Mermi henüz resmen ortada yoktu. Üstünde hiçbir tanıtma işareti taşımıyor, herhangi bir standart frekans üzerinden de sinyal vermiyordu. Bu, uzay hukukunun kesin şekilde bozulması demek oluyordu. Fakat Uzay Muhafızlığı bile henüz resmi bir protesto açıklamamıştı. Herkes Merkür’ün bundan sonra ne yapacağını sinirli bir sabırsızlıkla bekliyordu.
Merminin varlığı ve geldiği yön açıklanalı üç gün geçtiği halde Merkürlüler inatçı bir şekilde susuyorlardı. İstedikleri zaman bu şekilde davranmayı çok iyi bilirlerdi.
Bazı psikologlar, Merkür’de doğmuş ve büyümüş bir kimsenin mantığını tam olarak anlamanın kesinlikle imkânsız olduğunu ileri sürüyorlardı. Uç kat fazla çekim gücüne sahip Dünya’dan sonsuza kadar sürgün edilmişlerdi. Merkürlüler Ay’ı ziyaret edebilir ve aradaki kısa mesafeden atalarının — hatta anne ve babalarının — doğduğu gezegeni seyredebilirlerdi. Fakat oraya hiç inemeyeceklerini bilirlerdi.

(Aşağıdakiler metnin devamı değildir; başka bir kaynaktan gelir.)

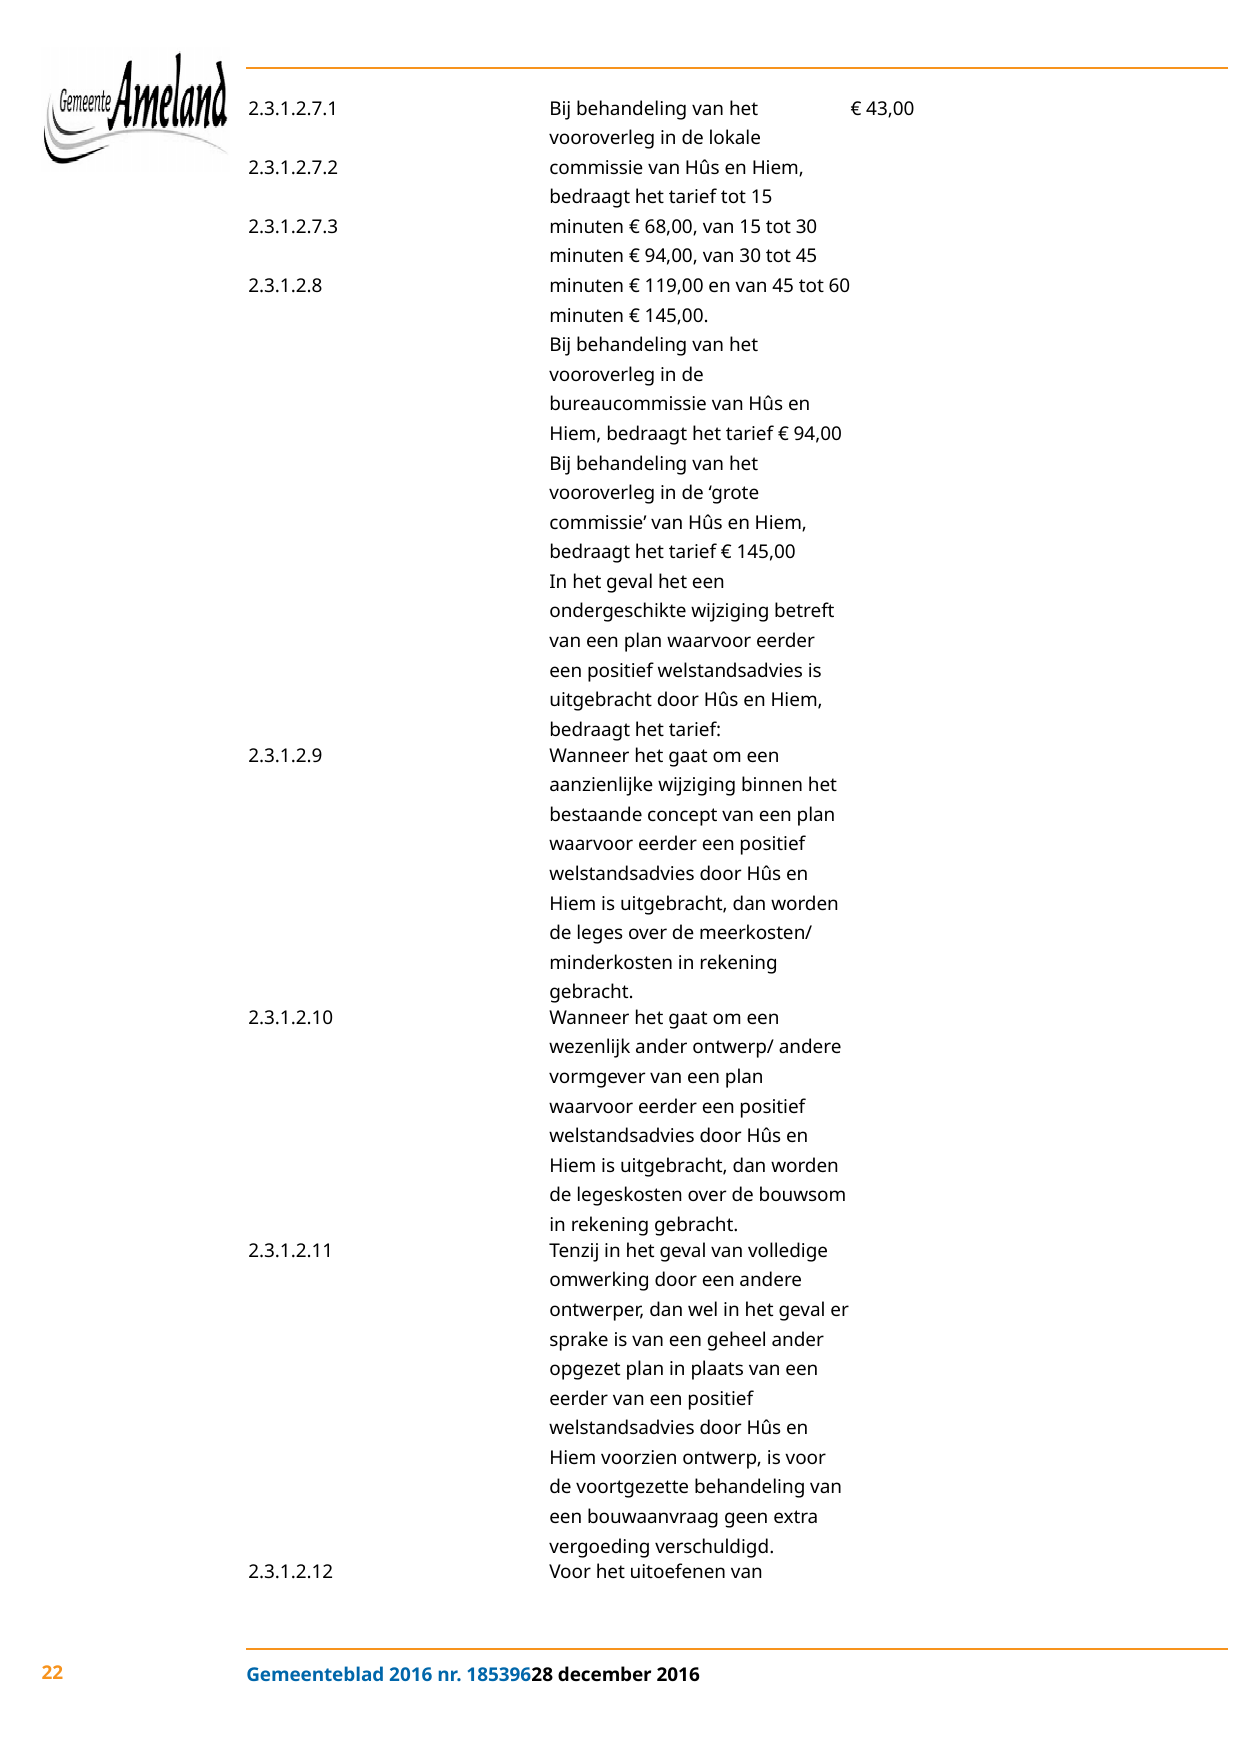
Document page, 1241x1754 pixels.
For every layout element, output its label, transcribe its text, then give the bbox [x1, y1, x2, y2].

Bunun kaçınılmaz sonucu olarak da böyle bir şeyi hiç arzu etmediklerini ileri sürerlerdi.
Bu küçümser göründükleri tatlı yağmurları, dalgalı tarlaları, gölleri, denizleri, mavi gökyüzünü… her şeyi ancak filmler ve TV’den tanıyıp izleyebiliyorlardı. Çünkü kendi gezegenleri öyle bir Güneş enerjisiyle yıkanmaktaydı ki, gündüz ısısı altı yüz derecenin üstüne çıkıyordu. Bu nedenle de dünyalarının bu sertliğine hiçbir şekilde yüzeyde dayanamayacaklarını biliyorlar ve bu çevreden tümüyle izole ettikleri yerlerde yaşamlarını sürdürüyorlardı. Kapalı kentler içinde yaşadıklarından fiziksel yönden çok güçsüzlerdi. Bir Merkürlü, Dünya’nın yüksek çekimine katlansa bile, ekvator üstündeki bir ülkenin sıcak bir gününde gücünü hızla kaybederdi.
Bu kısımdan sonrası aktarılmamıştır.